Who is accountable for FISMA?
The Federal Information Security Management Act requires that agencies develop and report on the adequacy of their cybersecurity controls each year. But whose job is it to ensure agencies improve their systems when they report weaknesses?
A House subcommittee posed this question Wednesday in the wake of cyber breaches at the Office of Personnel Management that have compromised personal information on more than 18 million federal employees, according to some reports. OPM was one of 19 federal Chief Financial Officers Act agencies last year that failed to meet FISMA standards in some capacity, and the lawmakers want to prevent those recent hacks from becoming “the tip of the iceberg.”
Rep. Dan Lipinski, D-Ill., ranking member of the House Committee on Science, Space and Technology’s Subcommittee on Research and Technology, said “it’s not acceptable for these data breaches to occur at OPM, in the government or in the private sector,” even though they frequently do. He asked the panel of federal IT auditors and cybersecurity experts before him who they thought should enforce FISMA and be held accountable for this type of breach.
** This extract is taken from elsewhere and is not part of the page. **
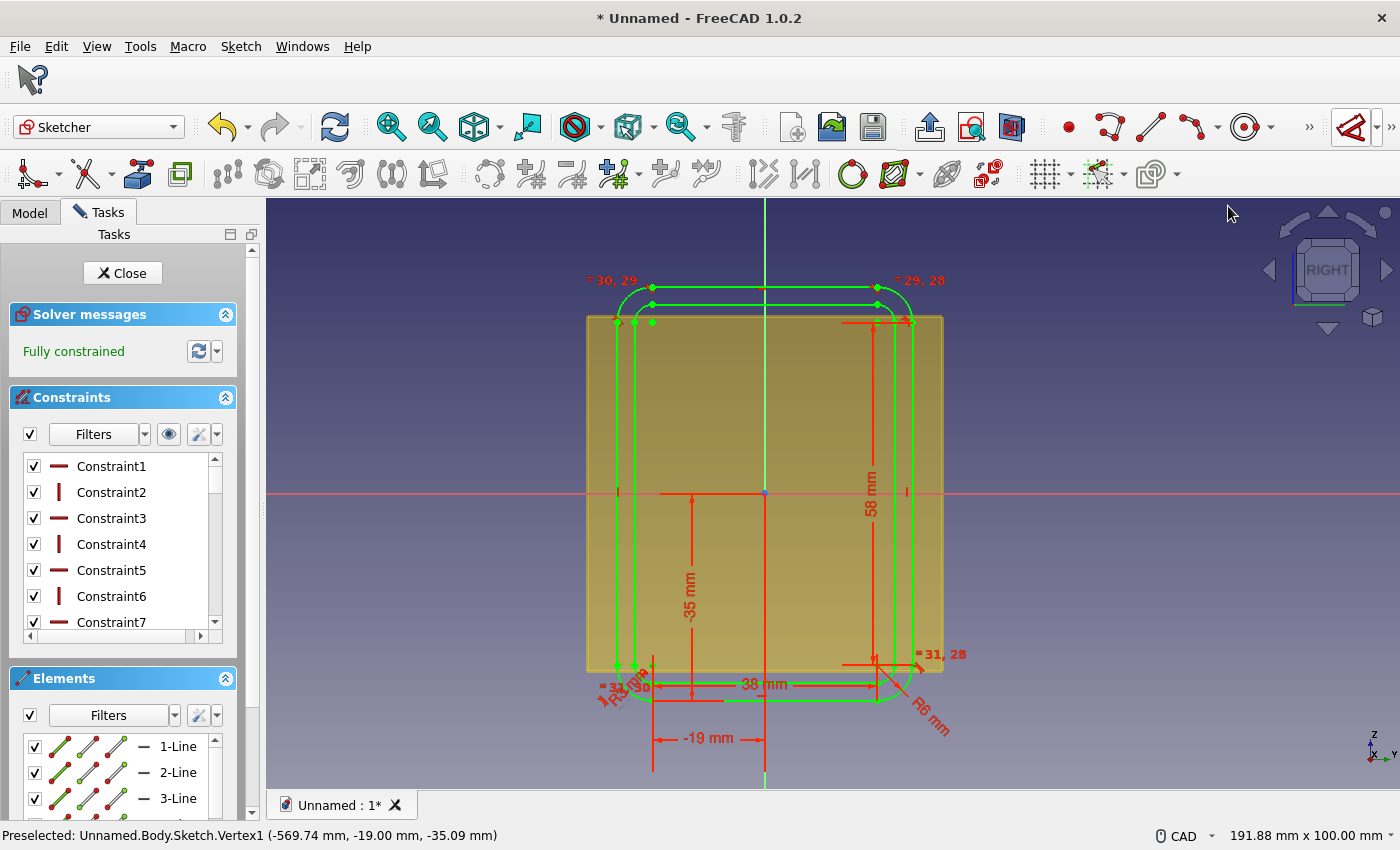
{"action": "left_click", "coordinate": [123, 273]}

Most pointed to the Office of Management and Budget, the agency tasked with administering the policy.
Michael Esser, OPM’s assistant inspector general for audits, said that while his office is tasked with performing the tests of OPM’s systems, “we have no enforcement authority.” Since OMB already collects the governmentwide FISMA reports, he said the office would probably be best suited to hold agencies to improving.
In terms of responsibility, rather than accountability, the Government Accountability Office’s Greg Wilshusen, director of information security issues, said FISMA defines that “it is clearly the responsibility of the head of each agency” to develop cybersecurity tools and processes to reduce the harm that could occur in some sort of IT failure or breach.
Wilshusen said that while some improvements have been made to the federal government’s cybersecurity posture, especially with the 2014 update to FISMA that emphasizes effectiveness testing and continuous monitoring, he would give the the federal government a “D” grade for cybersecurity.
“There are a number of actions that agencies need to take that they just haven’t taken,” he said.
In the case of OPM, the subcommittee wished to ask Chief Information Officer Donna Seymour specifically how she thinks her agency can improve its IT security, but she declined an invitation to the hearing, according the Rep. Ralph Abraham, R-La.
Wilshusen listed a number of actions he suggested OPM and other agencies take, such as installing critical patches and fixing system weaknesses. He referenced a U.S. Computer Emergency Readiness Team alert from April to patch the top 30 known cybersecurity vulnerabilities, which could help prevent up to 85 percent of all targeted cyber attacks.
Esser pointed to instituting two-factor authentication. The panel of experts agreed this defense would have mitigated the effects of, if not prevented, the OPM breaches.
“Multifactor authentication would help to prevent or at least raise the bar” for an attack, Wilshusen said.
But there’s no one-off or even permanent solution to cybersecurity, the experts said.
“Nothing is 100 percent secure, but following those [FISMA] guidelines is the most effective way of securing a system,” said Charles Romine, director of the Information Technology Laboratory at the National Institute of Standards and Technology.
“Threats change every day,” Wilshusen said. And while he applauds the awareness that U.S. CIO Tony Scott and OMB’s recent 30-day cybersecurity sprint will bring, he said the federal government must maintain its cyber vigilance outside of daily headlines about hacks.
“After this 30 days, which expires on Sunday, if the agencies and federal government relax … I think that’s a mistake,” he said. “Cybersecurity is not a sprint, it’s a marathon.”